___ DATA BLOCK ___

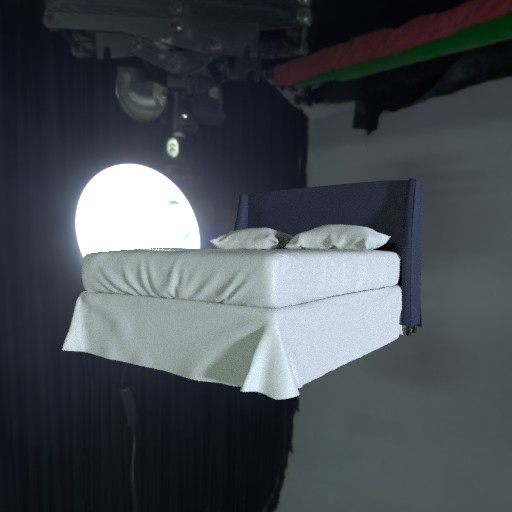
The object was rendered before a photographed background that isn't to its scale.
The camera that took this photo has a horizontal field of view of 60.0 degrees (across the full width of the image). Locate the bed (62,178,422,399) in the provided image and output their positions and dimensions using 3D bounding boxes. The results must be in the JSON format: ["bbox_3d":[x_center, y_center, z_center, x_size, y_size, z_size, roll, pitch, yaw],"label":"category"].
[{"bbox_3d":[0.000,0.000,3.462,1.925,1.332,2.276,1,1,36],"label":"bed"}]

___

- **EXERCISE DETAILS**: For the material above, give every line again exactly and leave out the pictures.

- **SOLVED PROBLEM**:
The object was rendered before a photographed background that isn't to its scale.
The camera that took this photo has a horizontal field of view of 60.0 degrees (across the full width of the image). Locate the bed (62,178,422,399) in the provided image and output their positions and dimensions using 3D bounding boxes. The results must be in the JSON format: ["bbox_3d":[x_center, y_center, z_center, x_size, y_size, z_size, roll, pitch, yaw],"label":"category"].
[{"bbox_3d":[0.000,0.000,3.462,1.925,1.332,2.276,1,1,36],"label":"bed"}]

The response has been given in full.